» INSTRUCTIONS TO FOLLOW: In the material below, please retype the lines from the very first through the one with "layer by layer", exactly and without pictures.

» DATA FOR PROCESSING:
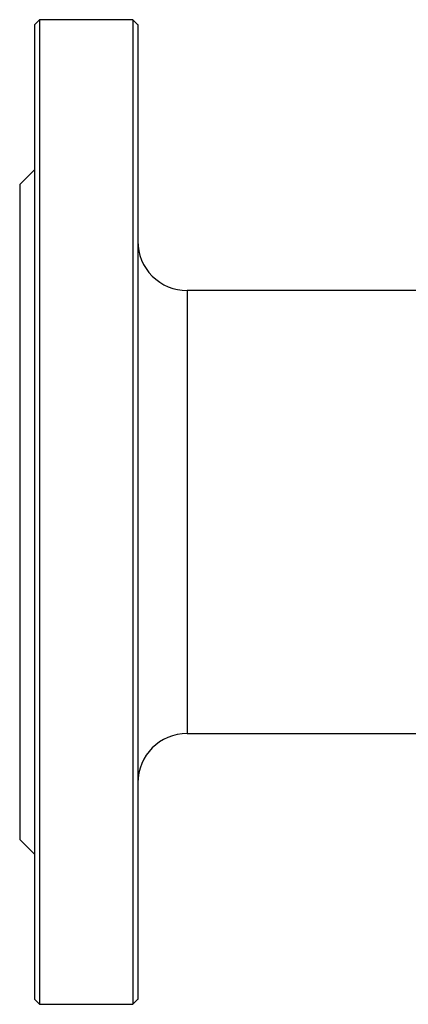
# Model space of a CAD drawing. Header units: millimetres. Extents: x -155 to 220, y -100 to 132.
# Tile 1 of 12: x -155 to -76, y -100 to 100. Entities that reach past the tile are written whole.
import ezdxf

# ---------------------------------------------------------------- set-up
doc = ezdxf.new("R2010")
doc.units = ezdxf.units.MM

msp = doc.modelspace()

# ---------------------------------------------------------------- linework, layer by layer
at = {"color": 7, "linetype": 'Continuous', "lineweight": 25}
for p, q in [((-151, 100), (-152.01, 98.99)), ((-130.99, 98.99), (-132.01, 100)), ((-131.99, 100), (-151, 100)), ((-152, 69.5), (-155, 66.5)), ((-56, 45), (-121, 45)), ((-121, -45), (-56, -45)), ((-155, -66.5), (-152, -69.5)), ((-152.01, -98.99), (-151, -100)), ((-151, -100), (-131.99, -100)), ((-132.01, -100), (-130.99, -98.99))]:
    msp.add_line(p, q, dxfattribs=at)
for centre, start, end in [((-121, 55), 180, 270.0238), ((-121, -55), 90.0238, 180)]:
    msp.add_arc(centre, 10, start, end, dxfattribs=at)
for points, knots in [([(-152, 99), (-152, 99), (-152, 98.36), (-152, 95.83), (-152, 93.94), (-152, 88.98), (-152, 85.92), (-152, 78.72), (-152, 74.59), (-152, 65.42), (-152, 60.39), (-152, 49.61), (-152, 43.87), (-152, 31.9), (-152, 25.67), (-152, 12.96), (-152, 6.48), (-152, -6.48), (-152, -12.96), (-152, -25.67), (-152, -31.9), (-152, -43.87), (-152, -49.61), (-152, -60.39), (-152, -65.42), (-152, -74.59), (-152, -78.72), (-152, -85.92), (-152, -88.98), (-152, -93.94), (-152, -95.83), (-152, -98.36), (-152, -99), (-152, -99)], [0, 0, 0, 0, 0.0625, 0.0625, 0.125, 0.125, 0.1875, 0.1875, 0.25, 0.25, 0.3125, 0.3125, 0.375, 0.375, 0.4375, 0.4375, 0.5, 0.5, 0.5625, 0.5625, 0.625, 0.625, 0.6875, 0.6875, 0.75, 0.75, 0.8125, 0.8125, 0.875, 0.875, 0.9375, 0.9375, 1, 1, 1, 1]), ([(-151, 100), (-151, 100), (-151, 99.36), (-151, 96.8), (-151, 94.89), (-151, 89.88), (-151, 86.78), (-151, 79.51), (-151, 75.34), (-151, 66.08), (-151, 61), (-151, 50.12), (-151, 44.32), (-151, 32.22), (-151, 25.93), (-151, 13.09), (-151, 6.54), (-151, 0)], [0, 0, 0, 0, 0.125, 0.125, 0.25, 0.25, 0.375, 0.375, 0.5, 0.5, 0.625, 0.625, 0.75, 0.75, 0.875, 0.875, 1, 1, 1, 1]), ([(-132, 100), (-132, 100), (-132, 99.36), (-132, 96.8), (-132, 94.89), (-132, 89.88), (-132, 86.78), (-132, 79.51), (-132, 75.34), (-132, 66.08), (-132, 61), (-132, 50.12), (-132, 44.32), (-132, 32.22), (-132, 25.93), (-132, 13.09), (-132, 6.54), (-132, 0)], [0, 0, 0, 0, 0.125, 0.125, 0.25, 0.25, 0.375, 0.375, 0.5, 0.5, 0.625, 0.625, 0.75, 0.75, 0.875, 0.875, 1, 1, 1, 1]), ([(-131, 99), (-131, 99), (-131, 99), (-131, 98.98), (-131, 98.96), (-131, 98.93), (-131, 98.88), (-131, 98.83), (-131, 98.77), (-131, 98.7), (-131, 98.62), (-131, 98.4), (-131, 97.97), (-131, 97.14), (-131, 96.07), (-131, 94.78), (-131, 93.25), (-131, 90.92), (-131, 87.45), (-131, 82.45), (-131, 76.65), (-131, 70.12), (-131, 62.91), (-131, 55.09), (-131, 46.74), (-131, 37.95), (-131, 28.78), (-131, 19.34), (-131, 9.72), (-131, 0), (-131, -9.72), (-131, -19.34), (-131, -28.78), (-131, -37.95), (-131, -46.74), (-131, -55.09), (-131, -62.91), (-131, -70.12), (-131, -76.65), (-131, -82.45), (-131, -87.45), (-131, -90.92), (-131, -93.25), (-131, -94.78), (-131, -96.07), (-131, -97.14), (-131, -97.97), (-131, -98.44), (-131, -98.7), (-131, -98.83), (-131, -98.93), (-131, -98.99), (-131, -99), (-131, -99)], [0, 0, 0, 0, 0.0031275, 0.0062539, 0.0093794, 0.0125044, 0.0156291, 0.018754, 0.0218791, 0.025005, 0.0281318, 0.0312599, 0.0468875, 0.0625168, 0.0781444, 0.0937737, 0.1094013, 0.1250306, 0.1562781, 0.1875255, 0.218773, 0.2500205, 0.2812679, 0.3125154, 0.3437629, 0.3750103, 0.4062578, 0.4375053, 0.4687527, 0.5000002, 0.5312477, 0.5624951, 0.5937426, 0.6249901, 0.6562375, 0.687485, 0.7187325, 0.7499799, 0.7812274, 0.8124749, 0.8437223, 0.8749698, 0.8905974, 0.9062267, 0.9218542, 0.9374836, 0.9531111, 0.9687405, 0.9749942, 0.9812446, 0.9874941, 0.9937451, 1, 1, 1, 1]), ([(-155, 66.5), (-155, 66.5), (-155, 66.07), (-155, 64.37), (-155, 63.1), (-155, 59.77), (-155, 57.71), (-155, 52.87), (-155, 50.1), (-155, 43.94), (-155, 40.56), (-155, 33.33), (-155, 29.47), (-155, 21.43), (-155, 17.24), (-155, 8.7), (-155, 4.35), (-155, -4.35), (-155, -8.7), (-155, -17.24), (-155, -21.43), (-155, -29.47), (-155, -33.33), (-155, -40.56), (-155, -43.94), (-155, -50.1), (-155, -52.87), (-155, -57.71), (-155, -59.77), (-155, -63.1), (-155, -64.37), (-155, -66.07), (-155, -66.5), (-155, -66.5)], [0, 0, 0, 0, 0.0625, 0.0625, 0.125, 0.125, 0.1875, 0.1875, 0.25, 0.25, 0.3125, 0.3125, 0.375, 0.375, 0.4375, 0.4375, 0.5, 0.5, 0.5625, 0.5625, 0.625, 0.625, 0.6875, 0.6875, 0.75, 0.75, 0.8125, 0.8125, 0.875, 0.875, 0.9375, 0.9375, 1, 1, 1, 1]), ([(-132, 0), (-132, -6.54), (-132, -13.09), (-132, -25.93), (-132, -32.22), (-132, -44.32), (-132, -50.12), (-132, -61), (-132, -66.08), (-132, -75.34), (-132, -79.51), (-132, -86.78), (-132, -89.88), (-132, -94.89), (-132, -96.8), (-132, -99.36), (-132, -100), (-132, -100)], [0, 0, 0, 0, 0.125, 0.125, 0.25, 0.25, 0.375, 0.375, 0.5, 0.5, 0.625, 0.625, 0.75, 0.75, 0.875, 0.875, 1, 1, 1, 1]), ([(-151, 0), (-151, -6.54), (-151, -13.09), (-151, -25.93), (-151, -32.22), (-151, -44.32), (-151, -50.12), (-151, -61), (-151, -66.08), (-151, -75.34), (-151, -79.51), (-151, -86.78), (-151, -89.88), (-151, -94.89), (-151, -96.8), (-151, -99.36), (-151, -100), (-151, -100)], [0, 0, 0, 0, 0.125, 0.125, 0.25, 0.25, 0.375, 0.375, 0.5, 0.5, 0.625, 0.625, 0.75, 0.75, 0.875, 0.875, 1, 1, 1, 1])]:
    msp.add_open_spline(points, degree=3, knots=knots, dxfattribs=at)
at = {"color": 1, "linetype": 'Continuous', "lineweight": 25}
for points in [[(-121, 45), (-121, 45), (-121, 44.71), (-121, 43.56), (-121, 42.7), (-121, 40.45), (-121, 39.05), (-121, 35.78), (-121, 33.9), (-121, 29.74), (-121, 27.45), (-121, 22.55), (-121, 19.94), (-121, 14.5), (-121, 11.67), (-121, 5.89), (-121, 2.95), (-121, 0)], [(-121, 0), (-121, -2.95), (-121, -5.89), (-121, -11.67), (-121, -14.5), (-121, -19.94), (-121, -22.55), (-121, -27.45), (-121, -29.74), (-121, -33.9), (-121, -35.78), (-121, -39.05), (-121, -40.45), (-121, -42.7), (-121, -43.56), (-121, -44.71), (-121, -45), (-121, -45)]]:
    msp.add_open_spline(points, degree=3, knots=[0, 0, 0, 0, 0.125, 0.125, 0.25, 0.25, 0.375, 0.375, 0.5, 0.5, 0.625, 0.625, 0.75, 0.75, 0.875, 0.875, 1, 1, 1, 1], dxfattribs=at)

doc.saveas('drawing.dxf')

» SOLUTION:
# Model space of a CAD drawing. Header units: millimetres. Extents: x -155 to 220, y -100 to 132.
# Tile 1 of 12: x -155 to -76, y -100 to 100. Entities that reach past the tile are written whole.
import ezdxf

# ---------------------------------------------------------------- set-up
doc = ezdxf.new("R2010")
doc.units = ezdxf.units.MM

msp = doc.modelspace()

# ---------------------------------------------------------------- linework, layer by layer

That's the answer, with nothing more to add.